* Task to complete *
Filter the data below for the string "object" and copy each matching line.

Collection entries
*****

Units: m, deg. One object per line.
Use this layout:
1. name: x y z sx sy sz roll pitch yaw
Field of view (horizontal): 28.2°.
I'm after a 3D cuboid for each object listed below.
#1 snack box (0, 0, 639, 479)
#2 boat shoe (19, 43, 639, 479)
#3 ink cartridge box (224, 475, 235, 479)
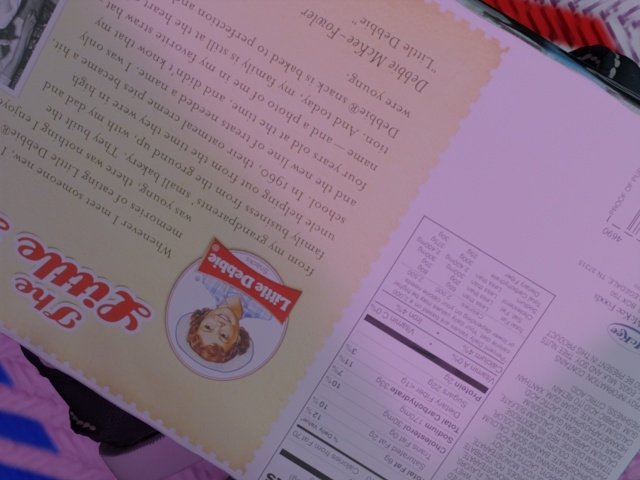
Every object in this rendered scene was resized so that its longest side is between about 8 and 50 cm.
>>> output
1. snack box: -0.023 -0.022 0.451 0.322 0.060 0.187 32 106 1
2. boat shoe: 0.000 0.000 0.536 0.302 0.114 0.091 -34 106 15
3. ink cartridge box: -0.013 0.214 0.542 0.168 0.232 0.171 45 108 -5

*****

* Solution to the problem *
Units: m, deg. One object per line.
I'm after a 3D cuboid for each object listed below.
Every object in this rendered scene was resized so that its longest side is between about 8 and 50 cm.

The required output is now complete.